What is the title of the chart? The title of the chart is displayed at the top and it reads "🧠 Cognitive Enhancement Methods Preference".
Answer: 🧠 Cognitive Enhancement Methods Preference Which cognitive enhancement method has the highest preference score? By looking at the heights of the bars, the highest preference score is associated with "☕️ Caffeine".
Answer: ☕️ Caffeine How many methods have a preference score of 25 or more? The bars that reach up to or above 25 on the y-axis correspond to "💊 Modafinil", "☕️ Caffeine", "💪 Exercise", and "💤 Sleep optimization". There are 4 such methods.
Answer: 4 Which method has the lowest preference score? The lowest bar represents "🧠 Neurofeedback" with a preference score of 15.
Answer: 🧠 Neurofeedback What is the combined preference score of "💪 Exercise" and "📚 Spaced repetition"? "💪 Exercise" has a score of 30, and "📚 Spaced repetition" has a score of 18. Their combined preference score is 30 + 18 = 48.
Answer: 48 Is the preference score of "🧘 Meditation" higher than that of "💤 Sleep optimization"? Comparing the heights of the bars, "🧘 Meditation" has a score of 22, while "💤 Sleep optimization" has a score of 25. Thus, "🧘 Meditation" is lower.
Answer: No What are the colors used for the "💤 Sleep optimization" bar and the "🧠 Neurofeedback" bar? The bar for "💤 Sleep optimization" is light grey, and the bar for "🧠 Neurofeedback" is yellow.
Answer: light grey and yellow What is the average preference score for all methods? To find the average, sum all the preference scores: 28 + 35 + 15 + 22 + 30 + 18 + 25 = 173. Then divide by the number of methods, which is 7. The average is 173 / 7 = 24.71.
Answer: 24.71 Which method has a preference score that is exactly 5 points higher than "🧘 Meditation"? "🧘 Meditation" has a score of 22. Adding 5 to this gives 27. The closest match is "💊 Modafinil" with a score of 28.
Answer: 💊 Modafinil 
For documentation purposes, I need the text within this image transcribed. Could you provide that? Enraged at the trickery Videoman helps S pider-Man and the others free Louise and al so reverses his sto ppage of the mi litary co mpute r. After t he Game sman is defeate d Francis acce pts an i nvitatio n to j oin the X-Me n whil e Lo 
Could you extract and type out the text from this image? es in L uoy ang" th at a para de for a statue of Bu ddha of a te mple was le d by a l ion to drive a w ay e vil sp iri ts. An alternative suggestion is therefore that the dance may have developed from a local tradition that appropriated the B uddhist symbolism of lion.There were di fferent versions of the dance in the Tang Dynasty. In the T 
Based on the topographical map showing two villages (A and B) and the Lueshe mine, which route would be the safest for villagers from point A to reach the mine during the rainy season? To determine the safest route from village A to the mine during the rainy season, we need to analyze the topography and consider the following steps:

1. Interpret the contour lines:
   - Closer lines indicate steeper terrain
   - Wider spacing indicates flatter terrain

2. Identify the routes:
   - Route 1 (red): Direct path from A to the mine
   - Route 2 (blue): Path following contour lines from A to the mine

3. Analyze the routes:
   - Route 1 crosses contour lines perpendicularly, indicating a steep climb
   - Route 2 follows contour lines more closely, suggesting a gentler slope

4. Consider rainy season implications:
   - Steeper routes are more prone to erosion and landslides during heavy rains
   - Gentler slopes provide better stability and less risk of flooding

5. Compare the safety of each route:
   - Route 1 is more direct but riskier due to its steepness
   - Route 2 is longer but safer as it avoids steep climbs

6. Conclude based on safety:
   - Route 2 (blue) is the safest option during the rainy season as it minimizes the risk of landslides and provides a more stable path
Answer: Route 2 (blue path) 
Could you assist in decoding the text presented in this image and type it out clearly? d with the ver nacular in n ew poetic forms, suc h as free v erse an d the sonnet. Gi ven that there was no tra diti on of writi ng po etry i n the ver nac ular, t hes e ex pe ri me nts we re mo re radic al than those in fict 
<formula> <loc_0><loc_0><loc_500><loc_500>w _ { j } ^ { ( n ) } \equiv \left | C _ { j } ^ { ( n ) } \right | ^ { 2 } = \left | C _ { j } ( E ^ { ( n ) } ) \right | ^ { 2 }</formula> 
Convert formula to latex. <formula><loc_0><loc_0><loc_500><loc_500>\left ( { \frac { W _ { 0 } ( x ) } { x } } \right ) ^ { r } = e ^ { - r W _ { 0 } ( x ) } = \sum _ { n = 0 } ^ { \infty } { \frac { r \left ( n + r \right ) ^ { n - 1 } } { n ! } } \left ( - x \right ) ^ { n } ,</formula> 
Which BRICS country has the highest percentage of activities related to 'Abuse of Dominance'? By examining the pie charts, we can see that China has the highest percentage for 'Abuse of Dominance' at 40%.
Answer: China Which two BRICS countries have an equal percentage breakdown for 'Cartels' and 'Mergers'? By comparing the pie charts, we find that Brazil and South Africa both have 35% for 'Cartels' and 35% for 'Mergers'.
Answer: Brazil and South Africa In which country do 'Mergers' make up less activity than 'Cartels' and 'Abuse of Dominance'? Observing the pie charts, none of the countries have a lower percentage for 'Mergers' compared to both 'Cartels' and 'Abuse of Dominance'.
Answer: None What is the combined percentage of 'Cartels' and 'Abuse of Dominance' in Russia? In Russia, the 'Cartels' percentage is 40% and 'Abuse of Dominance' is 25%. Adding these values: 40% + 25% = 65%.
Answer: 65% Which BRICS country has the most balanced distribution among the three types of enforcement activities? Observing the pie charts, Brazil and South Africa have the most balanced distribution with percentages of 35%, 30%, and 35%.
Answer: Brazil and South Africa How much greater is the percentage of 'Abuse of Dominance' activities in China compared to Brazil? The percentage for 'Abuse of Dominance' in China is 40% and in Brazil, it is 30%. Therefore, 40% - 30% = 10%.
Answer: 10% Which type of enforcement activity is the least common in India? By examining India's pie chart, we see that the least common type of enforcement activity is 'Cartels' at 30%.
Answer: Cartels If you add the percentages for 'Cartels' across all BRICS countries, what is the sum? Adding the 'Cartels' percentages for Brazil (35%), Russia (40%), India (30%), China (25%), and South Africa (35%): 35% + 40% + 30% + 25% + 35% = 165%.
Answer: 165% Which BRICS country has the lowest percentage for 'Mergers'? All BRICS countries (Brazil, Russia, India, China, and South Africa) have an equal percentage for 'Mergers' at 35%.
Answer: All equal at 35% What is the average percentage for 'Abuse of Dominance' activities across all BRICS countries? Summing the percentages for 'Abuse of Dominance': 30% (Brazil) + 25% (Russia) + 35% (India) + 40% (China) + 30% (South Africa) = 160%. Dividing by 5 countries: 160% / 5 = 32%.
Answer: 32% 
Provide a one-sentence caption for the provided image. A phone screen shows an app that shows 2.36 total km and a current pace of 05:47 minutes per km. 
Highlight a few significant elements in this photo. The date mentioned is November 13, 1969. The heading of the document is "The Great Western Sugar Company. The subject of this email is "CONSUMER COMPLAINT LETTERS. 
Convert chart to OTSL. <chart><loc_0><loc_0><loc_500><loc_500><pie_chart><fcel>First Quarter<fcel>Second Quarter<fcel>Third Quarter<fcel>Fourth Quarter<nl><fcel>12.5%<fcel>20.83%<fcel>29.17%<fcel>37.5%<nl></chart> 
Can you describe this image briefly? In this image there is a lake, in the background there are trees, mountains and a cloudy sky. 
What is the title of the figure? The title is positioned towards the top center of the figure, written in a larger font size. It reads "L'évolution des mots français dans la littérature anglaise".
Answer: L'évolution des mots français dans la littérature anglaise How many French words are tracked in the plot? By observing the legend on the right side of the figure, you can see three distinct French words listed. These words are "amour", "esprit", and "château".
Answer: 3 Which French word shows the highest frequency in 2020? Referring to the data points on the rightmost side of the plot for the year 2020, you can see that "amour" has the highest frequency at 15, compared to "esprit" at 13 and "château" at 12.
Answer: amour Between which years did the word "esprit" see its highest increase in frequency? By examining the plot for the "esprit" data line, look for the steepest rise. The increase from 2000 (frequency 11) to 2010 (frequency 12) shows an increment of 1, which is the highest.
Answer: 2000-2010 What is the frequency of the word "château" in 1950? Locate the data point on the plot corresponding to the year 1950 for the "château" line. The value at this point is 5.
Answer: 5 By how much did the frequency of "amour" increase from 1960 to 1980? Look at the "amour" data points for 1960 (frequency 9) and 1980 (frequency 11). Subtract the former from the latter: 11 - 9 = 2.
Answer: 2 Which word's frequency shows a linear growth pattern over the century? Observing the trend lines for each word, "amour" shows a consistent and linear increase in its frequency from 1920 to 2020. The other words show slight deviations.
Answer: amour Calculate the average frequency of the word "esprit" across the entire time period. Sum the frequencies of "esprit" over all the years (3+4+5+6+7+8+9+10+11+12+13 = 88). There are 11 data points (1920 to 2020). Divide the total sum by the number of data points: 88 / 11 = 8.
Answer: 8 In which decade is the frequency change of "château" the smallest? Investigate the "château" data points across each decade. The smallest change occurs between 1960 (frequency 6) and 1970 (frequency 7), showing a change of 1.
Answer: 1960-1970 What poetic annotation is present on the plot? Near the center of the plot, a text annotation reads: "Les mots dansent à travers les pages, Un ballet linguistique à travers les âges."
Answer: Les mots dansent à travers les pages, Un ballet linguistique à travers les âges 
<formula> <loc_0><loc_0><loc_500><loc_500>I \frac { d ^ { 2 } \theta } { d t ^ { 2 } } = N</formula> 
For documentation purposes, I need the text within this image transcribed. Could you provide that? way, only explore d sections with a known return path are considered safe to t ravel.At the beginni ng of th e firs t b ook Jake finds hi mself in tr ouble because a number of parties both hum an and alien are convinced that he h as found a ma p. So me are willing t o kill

**Your objective:** Show the lines above that include "title".

**Written response:**
What is the title of the chart? The title of the chart is displayed at the top and it reads "🧠 Cognitive Enhancement Methods Preference".
What is the title of the figure? The title is positioned towards the top center of the figure, written in a larger font size. It reads "L'évolution des mots français dans la littérature anglaise".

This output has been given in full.